The workshop itself feels bigger and with more diverse computer vision problems and animals compared to 2021. While drafting this post, I realized I was covering much more work and themes than for my 2021 post. I wonder if I will have to cut down more dramatically for CV4Animals 2025.
So anyway, here are the themes I saw in the featured talks and in the poster session.
Vision in the wild
By far the biggest emphasis in the main sequence of talks was applying computer vision to images or videos of animals in the wild. Three of the keynote talks fell in this theme. Tanya Berger-Wolf (and her student Mohannad Elhamod) talked about network to map from images to a latent space that could be matched to known biological structures such as phylogeny.
Kakani Katija gave a memorable talk about the videos the Monterey Bay Aquarium Research Institute (MBARI) is collecting in the deep sea, plans for collecting more videos at large scale with autonomous underwater vehicles, and new initiatives for annotating all of this data. Along this line, Devis Tua talked about mapping coral reefs using a GoPro. They used photogrammetry along with some segmentation to remove fish, humans, and other things that are not coral reefs.
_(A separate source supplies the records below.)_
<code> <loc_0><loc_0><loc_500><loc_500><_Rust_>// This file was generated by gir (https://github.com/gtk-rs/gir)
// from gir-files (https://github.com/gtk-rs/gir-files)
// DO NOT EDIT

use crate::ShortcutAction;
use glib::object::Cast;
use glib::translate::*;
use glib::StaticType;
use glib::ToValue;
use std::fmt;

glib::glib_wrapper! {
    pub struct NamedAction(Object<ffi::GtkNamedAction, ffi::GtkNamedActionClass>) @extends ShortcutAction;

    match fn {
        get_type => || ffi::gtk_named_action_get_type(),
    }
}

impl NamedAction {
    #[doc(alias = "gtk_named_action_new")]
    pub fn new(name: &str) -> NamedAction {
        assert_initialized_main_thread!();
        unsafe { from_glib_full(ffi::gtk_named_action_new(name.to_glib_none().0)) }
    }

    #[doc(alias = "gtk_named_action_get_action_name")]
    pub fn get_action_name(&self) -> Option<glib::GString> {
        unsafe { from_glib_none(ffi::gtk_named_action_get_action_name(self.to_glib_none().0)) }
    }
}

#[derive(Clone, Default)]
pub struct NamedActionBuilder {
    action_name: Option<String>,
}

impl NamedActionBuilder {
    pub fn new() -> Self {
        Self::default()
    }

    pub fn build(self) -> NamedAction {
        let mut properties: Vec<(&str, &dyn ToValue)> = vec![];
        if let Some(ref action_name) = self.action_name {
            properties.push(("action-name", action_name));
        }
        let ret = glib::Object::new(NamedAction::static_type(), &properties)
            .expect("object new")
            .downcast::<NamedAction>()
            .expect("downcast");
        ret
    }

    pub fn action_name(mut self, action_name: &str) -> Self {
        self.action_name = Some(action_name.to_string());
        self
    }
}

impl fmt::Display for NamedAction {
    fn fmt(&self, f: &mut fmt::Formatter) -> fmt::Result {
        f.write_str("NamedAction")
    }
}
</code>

There were a few posters on this topic as well:
- Discovering Novel Biological Traits From Images Using Phylogeny-Guided Neural Networks
- Ecology at scale: Enabling real time learning for automated global reef monitoring in the (Reef)Cloud
- Robot Goes Fishing: Rapid, High-Resolution Biological Hotspot Mapping in Coral Reefs with Vision-Guided Autonomous Underwater Vehicles
- Scene and animal attributes retrieval from camera trap data with domain-adapted language-vision models
- Scaling whale monitoring using deep learning: A human-in-the-loop solution for analyzing aerial datasets
- Quantifying the movement, behaviour and environmental context of group-living animals using drones and computer vision
- Fine-grained image classification of microscopic insect pest species: Western Flower thrips and Plague thrips
These wild settings are really at the frontier of computer vision. “Foundation” models typically don’t work in these settings, as the videos may be in odd poses or lower quality (due to constraints of being in the field) and are often not in web datasets. Collecting in-depth annotated data is also time-consuming or sometimes impossible in these settings. The proposed ways to tackle these issues are to (1) use the known structures from biology, (2) rely on large scale human annotation, and (3) teach people how to collect better data at scale. These approaches make sense with the current technology.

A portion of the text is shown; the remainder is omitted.